Selon Glyn Moody de Tech Dirt, la législation sur les droits d’auteur empêche constamment de découvrir l’histoire de la musique, notamment les rares enregistrements de concerts des Beatles réalisés par des fans.
Le Daily Mail publie un article qui souligne l’importance de faire des copies. Elle concerne la réapparition d’enregistrements rares des Beatles :
Au cours de l’été 1963, la BBC a lancé une série radiophonique intitulée Pop Go The Beatles, diffusée le mardi à 17 heures dans le cadre du programme Light.

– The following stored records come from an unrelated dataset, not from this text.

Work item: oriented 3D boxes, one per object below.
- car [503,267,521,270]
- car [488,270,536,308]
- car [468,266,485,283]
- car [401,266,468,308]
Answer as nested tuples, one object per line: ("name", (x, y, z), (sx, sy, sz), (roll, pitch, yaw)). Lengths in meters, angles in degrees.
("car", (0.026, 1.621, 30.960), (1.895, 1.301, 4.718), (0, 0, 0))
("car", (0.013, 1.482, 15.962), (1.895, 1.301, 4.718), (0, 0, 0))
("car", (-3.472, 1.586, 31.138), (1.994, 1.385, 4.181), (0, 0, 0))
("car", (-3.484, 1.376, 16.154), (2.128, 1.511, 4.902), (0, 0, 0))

Chaque émission présentait les Beatles interprétant six ou sept chansons, enregistrées à l’avance mais en direct, c’est-à-dire sans post-production ou avec une post-production minimale.
La BBC n’avait pas jugé utile de conserver les enregistrements originaux, même s’il s’agissait de morceaux rarement entendus – principalement des reprises de vieux morceaux de rock ‘n’ roll. Heureusement, une jeune fan des Beatles, Margaret Ashworth, a utilisé la radio modifiée de son père, reliée directement à un magnétophone à bobines, pour enregistrer les émissions de radio, ce qui leur conférait une qualité proche de celle de la radiodiffusion.

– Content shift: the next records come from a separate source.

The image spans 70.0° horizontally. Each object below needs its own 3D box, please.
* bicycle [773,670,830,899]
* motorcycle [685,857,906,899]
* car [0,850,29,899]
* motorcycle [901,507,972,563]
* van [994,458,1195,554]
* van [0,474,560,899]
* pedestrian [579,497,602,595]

Lorsque la maison de disques EMI a composé un album de matériel interprété par les Beatles pour la BBC, elle a pu s’appuyer sur ces enregistrements de haute qualité, dont certains étaient bien meilleurs que les autres copies conservées. Dans ce cas, c’est par hasard que Margaret Ashworth avait réalisé ces enregistrements. Le message général est que les gens ne devraient pas faire cela, à cause du « copyright ». Il existe d’autres cas où le matériel culturel historique aurait été perdu si les gens n’avaient pas fait de copies, indépendamment de ce que la loi sur le droit d’auteur pourrait dire.

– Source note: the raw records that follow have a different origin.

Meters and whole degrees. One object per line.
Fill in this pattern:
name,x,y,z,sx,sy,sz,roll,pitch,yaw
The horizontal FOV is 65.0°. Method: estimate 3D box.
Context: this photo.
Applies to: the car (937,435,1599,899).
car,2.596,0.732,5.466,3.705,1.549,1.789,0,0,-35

Margaret Ashworth a pensé qu’il serait amusant de diffuser gratuitement sur un site Web les anciennes émissions qu’elle avait enregistrées, recréant ainsi les programmes hebdomadaires qu’elle avait entendus dans les années 1960. Elle a donc demandé l’autorisation à la BBC, qui lui a répondu qu’elle « n’approuverait pas » le téléchargement de ses enregistrements sur l’Internet. Comme elle l’écrit :
Après toutes ces années, alors que les Beatles sont toujours extrêmement populaires, il semble mesquin de la part de la BBC de ne pas autoriser la diffusion de ces petites capsules temporelles, que ce soit par moi ou par la société. Je ne peux pas croire qu’il existe des problèmes de droits d’auteur qui ne peuvent être résolus.